───── Data excerpts ─────

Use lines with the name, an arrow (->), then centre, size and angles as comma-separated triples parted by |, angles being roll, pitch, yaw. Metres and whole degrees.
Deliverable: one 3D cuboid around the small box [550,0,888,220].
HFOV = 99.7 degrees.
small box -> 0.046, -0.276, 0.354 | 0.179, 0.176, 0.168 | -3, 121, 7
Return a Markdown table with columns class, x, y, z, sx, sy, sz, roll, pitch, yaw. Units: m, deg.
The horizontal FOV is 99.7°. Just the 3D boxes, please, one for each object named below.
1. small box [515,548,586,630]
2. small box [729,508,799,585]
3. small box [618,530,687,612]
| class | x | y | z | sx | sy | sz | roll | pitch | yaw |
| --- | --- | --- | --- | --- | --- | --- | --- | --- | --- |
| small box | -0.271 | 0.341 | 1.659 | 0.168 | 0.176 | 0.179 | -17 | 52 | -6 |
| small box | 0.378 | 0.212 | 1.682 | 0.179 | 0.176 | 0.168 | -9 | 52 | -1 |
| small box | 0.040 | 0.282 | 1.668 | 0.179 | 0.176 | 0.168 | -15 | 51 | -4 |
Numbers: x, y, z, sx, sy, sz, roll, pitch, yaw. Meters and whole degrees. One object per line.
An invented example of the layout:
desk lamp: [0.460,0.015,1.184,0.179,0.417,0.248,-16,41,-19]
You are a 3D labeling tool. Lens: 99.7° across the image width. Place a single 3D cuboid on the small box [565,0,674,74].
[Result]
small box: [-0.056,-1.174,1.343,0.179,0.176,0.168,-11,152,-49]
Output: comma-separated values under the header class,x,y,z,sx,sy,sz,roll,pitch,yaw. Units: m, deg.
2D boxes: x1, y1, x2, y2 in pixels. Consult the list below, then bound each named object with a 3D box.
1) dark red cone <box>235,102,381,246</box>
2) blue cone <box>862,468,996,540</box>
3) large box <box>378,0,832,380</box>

─────

Please go through the data and copy each line containing the word "object".

The horizontal FOV is 99.7°. Just the 3D boxes, please, one for each object named below.
Numbers: x, y, z, sx, sy, sz, roll, pitch, yaw. Meters and whole degrees. One object per line.
2D boxes: x1, y1, x2, y2 in pixels. Consult the list below, then bound each named object with a 3D box.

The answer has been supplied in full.